David Bowie ★ (Blackstar)

2016 - Sony Music
[Uscita: 08/01/2016]

David Bowie è una creatura dalla natura sfuggente ed irriducibile. Non solo ogni album ha sempre coinciso con la scrittura di un nuovo ciclo di mutazione esistenziale, ma è come se nessuno fosse in grado di sincronizzarsi temporalmente con questo continuo flusso evolutivo. Lui sarà sempre da un'altra parte, lontano anni luce da tutto il resto ed immerso in un lavoro di decostruzione della forma canzone che ne espande i limiti. Se “The Next Day” intendeva reimmaginare l'assetto sonoro delle sessioni berlinesi in brani che mantenevano un loro riconoscibile classicismo, con "Blackstar" siamo su un terreno di sperimentazione che guarda al jazz come paradigma di libertà espressiva. Tutto è nato dalle sessioni di registrazione del brano Sue (Or in a Season of Crime) in collaborazione con l'orchestra di Maria Schneider. Da quelle registrazioni Bowie intuisce le potenzialità di sfruttare il lessico del jazz mescolandolo a quello del pop e dell'elettronica. Per fare questo viene rovesciata la prospettiva di osservazione scegliendo di affiancarsi ad un ensamble di estrazione jazzistica come il sassofonista Donny McCaslin, la cui presenza è preponderante in tutto l'album, il bassista Tim Lefebvre, il chitarrista Ben Monder, il tastierista Jason Lindner e Mark Guiliana. Ne scaturisce un flusso sonoro denso, a tratti oscuro e claustrofobico ma con frequenti squarci di luce. L'iniziale omonima  Blackstar è una suite di quasi dieci minuti dall'andamento circolare che si apre alle vibrazioni esoteriche di “Amnesiac” dei Radiohead fino a quando entra in scena il sax di McCaslin, così come in 'Tis a Pity She was A Shore, vicina alle destrutturazioni di Ornette Coleman.
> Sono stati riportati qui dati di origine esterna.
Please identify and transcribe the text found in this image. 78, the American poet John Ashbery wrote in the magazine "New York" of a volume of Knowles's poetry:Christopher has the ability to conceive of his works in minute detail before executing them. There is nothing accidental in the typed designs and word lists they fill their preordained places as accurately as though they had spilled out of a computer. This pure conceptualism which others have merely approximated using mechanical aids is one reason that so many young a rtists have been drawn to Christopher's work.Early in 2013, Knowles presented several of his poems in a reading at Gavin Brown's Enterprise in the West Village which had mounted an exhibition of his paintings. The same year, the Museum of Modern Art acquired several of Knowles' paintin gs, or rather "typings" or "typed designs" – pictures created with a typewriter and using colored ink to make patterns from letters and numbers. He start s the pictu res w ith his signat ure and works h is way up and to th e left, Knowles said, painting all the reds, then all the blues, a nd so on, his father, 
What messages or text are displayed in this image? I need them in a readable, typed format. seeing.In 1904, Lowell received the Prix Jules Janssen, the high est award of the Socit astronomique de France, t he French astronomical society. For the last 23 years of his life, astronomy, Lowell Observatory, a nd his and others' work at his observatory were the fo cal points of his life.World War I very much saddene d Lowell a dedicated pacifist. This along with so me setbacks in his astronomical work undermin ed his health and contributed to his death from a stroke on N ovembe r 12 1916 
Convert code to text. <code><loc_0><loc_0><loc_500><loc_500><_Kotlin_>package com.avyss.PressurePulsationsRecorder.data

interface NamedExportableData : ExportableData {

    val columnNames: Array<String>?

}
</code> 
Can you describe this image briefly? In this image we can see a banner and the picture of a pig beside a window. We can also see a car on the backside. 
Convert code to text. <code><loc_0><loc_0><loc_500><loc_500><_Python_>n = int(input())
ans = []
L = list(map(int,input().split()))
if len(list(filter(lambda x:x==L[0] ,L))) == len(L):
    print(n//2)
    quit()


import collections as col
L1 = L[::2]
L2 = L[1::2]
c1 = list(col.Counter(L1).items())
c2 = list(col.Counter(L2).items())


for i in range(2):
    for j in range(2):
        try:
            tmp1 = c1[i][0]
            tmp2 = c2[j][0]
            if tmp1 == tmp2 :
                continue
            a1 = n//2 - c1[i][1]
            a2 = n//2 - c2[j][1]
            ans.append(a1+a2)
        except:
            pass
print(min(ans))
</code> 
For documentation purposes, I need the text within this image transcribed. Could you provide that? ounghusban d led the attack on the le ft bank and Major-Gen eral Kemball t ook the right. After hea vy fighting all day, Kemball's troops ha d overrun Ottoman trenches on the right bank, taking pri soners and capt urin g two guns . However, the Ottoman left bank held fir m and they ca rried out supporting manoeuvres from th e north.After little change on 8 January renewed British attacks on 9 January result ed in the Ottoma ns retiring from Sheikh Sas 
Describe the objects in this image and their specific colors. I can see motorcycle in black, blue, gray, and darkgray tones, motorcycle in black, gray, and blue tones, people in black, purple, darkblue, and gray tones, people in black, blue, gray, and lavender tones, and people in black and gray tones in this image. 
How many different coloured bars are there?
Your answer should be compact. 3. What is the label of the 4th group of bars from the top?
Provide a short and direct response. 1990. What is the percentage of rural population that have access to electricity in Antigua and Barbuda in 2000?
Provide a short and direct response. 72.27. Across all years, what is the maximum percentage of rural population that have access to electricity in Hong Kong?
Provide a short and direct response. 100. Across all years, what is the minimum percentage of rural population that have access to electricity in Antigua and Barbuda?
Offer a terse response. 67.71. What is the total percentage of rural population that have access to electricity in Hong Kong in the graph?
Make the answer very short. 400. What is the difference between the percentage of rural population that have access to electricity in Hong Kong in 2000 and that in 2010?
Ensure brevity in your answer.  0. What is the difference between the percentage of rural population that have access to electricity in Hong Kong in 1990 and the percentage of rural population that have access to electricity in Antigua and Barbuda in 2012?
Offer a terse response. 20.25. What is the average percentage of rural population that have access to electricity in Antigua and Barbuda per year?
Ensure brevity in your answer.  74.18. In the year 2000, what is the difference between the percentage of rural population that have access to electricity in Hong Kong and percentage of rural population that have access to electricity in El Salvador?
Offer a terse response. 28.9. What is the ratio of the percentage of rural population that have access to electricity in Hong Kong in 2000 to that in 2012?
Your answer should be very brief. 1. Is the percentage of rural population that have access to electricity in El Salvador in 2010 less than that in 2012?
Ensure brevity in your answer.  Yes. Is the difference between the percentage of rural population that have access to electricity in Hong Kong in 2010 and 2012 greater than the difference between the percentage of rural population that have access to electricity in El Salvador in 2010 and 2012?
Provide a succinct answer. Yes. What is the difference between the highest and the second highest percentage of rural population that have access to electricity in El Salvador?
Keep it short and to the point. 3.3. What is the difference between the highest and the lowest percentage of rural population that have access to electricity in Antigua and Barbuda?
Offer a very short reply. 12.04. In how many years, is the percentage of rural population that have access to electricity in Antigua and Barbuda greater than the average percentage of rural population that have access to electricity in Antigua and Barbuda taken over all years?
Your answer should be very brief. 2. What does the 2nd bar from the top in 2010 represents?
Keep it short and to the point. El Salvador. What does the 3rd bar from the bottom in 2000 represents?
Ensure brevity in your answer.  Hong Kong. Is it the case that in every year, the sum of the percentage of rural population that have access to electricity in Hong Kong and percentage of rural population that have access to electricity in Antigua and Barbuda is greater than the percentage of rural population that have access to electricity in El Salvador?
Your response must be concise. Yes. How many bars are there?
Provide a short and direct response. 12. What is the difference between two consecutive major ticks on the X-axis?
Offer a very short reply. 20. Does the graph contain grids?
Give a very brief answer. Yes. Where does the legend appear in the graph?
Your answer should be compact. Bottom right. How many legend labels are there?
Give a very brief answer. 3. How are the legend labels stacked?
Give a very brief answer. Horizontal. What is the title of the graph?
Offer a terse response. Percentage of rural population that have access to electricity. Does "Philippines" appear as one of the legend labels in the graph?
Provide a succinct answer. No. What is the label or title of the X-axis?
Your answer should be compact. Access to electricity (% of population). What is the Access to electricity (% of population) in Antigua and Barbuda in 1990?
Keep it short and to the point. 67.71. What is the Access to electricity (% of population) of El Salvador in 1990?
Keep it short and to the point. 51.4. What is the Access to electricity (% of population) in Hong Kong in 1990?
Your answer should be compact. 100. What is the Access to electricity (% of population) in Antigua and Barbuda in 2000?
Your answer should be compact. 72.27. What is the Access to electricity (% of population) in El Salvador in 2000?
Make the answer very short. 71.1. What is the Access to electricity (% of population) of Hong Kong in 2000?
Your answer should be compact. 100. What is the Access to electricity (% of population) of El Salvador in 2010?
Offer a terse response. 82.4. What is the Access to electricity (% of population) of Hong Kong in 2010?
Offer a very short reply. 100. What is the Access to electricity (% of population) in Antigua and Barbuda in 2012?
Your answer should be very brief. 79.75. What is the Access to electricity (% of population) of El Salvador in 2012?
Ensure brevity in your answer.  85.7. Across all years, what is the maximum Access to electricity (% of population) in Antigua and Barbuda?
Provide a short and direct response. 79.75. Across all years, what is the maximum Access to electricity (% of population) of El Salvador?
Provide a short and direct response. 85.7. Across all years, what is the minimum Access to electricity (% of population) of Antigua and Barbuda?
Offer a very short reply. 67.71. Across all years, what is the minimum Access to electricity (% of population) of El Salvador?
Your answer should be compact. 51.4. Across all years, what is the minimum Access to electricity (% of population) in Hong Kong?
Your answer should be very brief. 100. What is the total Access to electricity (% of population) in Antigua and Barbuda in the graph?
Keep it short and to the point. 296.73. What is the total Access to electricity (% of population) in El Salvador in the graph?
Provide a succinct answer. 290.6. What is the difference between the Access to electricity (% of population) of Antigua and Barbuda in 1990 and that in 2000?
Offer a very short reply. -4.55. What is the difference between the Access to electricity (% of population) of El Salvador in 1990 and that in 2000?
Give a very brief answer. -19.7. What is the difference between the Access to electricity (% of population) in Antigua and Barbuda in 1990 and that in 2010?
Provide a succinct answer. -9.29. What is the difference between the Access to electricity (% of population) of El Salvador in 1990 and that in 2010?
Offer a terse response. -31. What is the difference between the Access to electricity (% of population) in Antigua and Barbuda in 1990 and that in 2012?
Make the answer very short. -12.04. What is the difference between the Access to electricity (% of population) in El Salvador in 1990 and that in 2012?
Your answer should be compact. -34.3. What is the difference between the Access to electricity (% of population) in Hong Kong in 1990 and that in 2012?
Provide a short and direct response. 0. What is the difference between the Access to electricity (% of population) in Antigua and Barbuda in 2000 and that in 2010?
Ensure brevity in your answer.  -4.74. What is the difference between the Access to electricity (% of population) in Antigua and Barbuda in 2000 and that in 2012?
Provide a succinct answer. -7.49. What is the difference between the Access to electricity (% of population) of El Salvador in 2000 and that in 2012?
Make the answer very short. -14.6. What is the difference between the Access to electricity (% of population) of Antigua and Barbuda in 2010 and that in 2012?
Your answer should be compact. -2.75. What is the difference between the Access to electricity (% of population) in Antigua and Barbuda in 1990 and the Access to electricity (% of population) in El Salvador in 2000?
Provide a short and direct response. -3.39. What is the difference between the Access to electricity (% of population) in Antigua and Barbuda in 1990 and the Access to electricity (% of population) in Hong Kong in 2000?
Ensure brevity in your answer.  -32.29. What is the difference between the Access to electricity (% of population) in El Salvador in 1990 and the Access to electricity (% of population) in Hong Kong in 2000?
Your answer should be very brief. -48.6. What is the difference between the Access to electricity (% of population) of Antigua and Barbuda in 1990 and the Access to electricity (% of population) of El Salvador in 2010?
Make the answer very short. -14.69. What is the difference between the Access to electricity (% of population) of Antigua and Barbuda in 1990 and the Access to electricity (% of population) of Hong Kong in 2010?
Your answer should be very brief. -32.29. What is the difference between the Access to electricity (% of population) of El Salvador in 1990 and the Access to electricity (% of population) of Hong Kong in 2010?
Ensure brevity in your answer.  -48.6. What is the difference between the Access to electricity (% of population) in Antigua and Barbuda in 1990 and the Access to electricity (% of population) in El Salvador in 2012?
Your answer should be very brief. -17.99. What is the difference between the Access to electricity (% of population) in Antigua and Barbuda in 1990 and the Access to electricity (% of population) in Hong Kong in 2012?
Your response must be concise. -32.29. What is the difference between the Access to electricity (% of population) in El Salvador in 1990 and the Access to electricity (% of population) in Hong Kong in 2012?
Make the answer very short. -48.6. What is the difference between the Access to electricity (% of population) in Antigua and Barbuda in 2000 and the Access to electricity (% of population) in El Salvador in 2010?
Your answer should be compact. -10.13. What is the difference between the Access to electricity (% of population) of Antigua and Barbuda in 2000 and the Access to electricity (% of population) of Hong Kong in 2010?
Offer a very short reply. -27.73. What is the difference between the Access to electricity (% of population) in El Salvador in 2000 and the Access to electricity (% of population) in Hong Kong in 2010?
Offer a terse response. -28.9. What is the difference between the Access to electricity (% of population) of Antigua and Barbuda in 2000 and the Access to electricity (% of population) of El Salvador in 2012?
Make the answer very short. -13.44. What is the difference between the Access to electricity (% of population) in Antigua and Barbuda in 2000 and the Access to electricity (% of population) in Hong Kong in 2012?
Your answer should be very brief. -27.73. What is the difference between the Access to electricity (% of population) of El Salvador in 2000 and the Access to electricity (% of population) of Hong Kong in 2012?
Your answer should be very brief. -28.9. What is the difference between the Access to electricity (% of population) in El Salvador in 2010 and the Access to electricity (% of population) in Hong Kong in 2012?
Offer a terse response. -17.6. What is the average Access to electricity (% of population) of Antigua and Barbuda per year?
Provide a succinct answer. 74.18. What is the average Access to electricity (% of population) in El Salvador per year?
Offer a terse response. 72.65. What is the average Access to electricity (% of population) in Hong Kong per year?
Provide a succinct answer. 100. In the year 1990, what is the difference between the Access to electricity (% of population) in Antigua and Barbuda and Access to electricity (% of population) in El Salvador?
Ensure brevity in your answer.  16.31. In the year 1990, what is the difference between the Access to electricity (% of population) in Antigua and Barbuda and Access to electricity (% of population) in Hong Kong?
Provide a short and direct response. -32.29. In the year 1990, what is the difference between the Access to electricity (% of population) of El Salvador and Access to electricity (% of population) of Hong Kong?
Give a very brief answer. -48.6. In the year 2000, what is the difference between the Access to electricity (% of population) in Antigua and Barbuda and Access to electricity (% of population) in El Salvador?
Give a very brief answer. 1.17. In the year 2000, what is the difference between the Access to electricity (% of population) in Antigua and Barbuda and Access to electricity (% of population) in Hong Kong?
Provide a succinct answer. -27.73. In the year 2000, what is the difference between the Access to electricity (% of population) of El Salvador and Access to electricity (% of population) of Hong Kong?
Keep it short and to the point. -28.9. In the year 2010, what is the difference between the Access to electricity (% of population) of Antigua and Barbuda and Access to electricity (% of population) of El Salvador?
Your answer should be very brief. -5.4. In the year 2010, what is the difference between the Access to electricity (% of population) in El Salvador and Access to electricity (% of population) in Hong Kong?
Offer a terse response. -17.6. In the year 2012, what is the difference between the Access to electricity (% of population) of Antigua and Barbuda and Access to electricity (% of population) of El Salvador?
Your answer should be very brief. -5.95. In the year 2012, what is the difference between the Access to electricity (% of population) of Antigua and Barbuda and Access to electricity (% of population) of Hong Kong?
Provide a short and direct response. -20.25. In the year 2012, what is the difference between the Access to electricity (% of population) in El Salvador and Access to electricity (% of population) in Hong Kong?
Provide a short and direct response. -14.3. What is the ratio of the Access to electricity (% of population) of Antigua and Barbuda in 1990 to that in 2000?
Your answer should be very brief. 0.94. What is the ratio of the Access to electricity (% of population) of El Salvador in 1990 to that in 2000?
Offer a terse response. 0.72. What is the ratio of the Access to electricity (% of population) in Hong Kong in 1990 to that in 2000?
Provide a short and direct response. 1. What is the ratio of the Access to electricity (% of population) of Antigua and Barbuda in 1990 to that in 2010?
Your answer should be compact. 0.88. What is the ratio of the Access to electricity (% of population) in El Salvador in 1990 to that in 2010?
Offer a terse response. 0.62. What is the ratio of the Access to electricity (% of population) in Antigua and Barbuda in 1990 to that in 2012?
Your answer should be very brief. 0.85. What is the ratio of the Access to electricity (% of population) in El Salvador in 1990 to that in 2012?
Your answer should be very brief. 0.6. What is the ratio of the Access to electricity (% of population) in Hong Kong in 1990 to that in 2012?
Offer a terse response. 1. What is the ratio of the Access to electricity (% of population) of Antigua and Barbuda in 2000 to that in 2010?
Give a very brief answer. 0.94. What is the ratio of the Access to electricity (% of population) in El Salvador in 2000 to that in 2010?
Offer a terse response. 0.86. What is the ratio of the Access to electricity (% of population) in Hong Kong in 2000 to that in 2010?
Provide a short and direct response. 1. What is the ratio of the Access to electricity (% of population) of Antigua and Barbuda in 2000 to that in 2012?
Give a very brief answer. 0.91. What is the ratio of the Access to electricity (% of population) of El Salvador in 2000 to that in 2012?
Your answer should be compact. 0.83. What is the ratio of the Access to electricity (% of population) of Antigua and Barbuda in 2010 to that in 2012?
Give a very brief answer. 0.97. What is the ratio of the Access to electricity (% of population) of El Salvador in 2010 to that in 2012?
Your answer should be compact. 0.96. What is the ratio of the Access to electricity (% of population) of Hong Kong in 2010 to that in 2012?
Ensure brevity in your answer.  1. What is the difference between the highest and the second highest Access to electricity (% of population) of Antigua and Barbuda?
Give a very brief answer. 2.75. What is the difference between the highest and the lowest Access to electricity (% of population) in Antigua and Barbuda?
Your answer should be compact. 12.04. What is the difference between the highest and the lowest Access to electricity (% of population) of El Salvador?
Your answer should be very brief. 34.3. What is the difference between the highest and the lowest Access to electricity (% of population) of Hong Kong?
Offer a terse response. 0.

Con Lazarus i toni si placano ed i fiati assecondano la sinuosa natura notturna ed inquieta della traccia, rilasciando spore introspettive alla David Sylvian. Nell'avant jazz di Sue (Or in a Season of Crime) Mark Guiliana lavora su una fitta rete di sorapposizioni ritmiche, mentre la successiva Dollar Days ha un'anima teatrale più vicina ad “Hunky Dory”. La conclusiva I Can't Give Everything Away è l'epilogo perfetto, il sipario che si chiude sulle note della chitarra di Ben Monder. Con "Blackstar" Bowie riscrive se stesso per nascondersi finalmente o, forse, per dissolversi ancora una volta nel reticolo di mille raggi proiettati da un prisma attraversato dalla luce di un sole nero.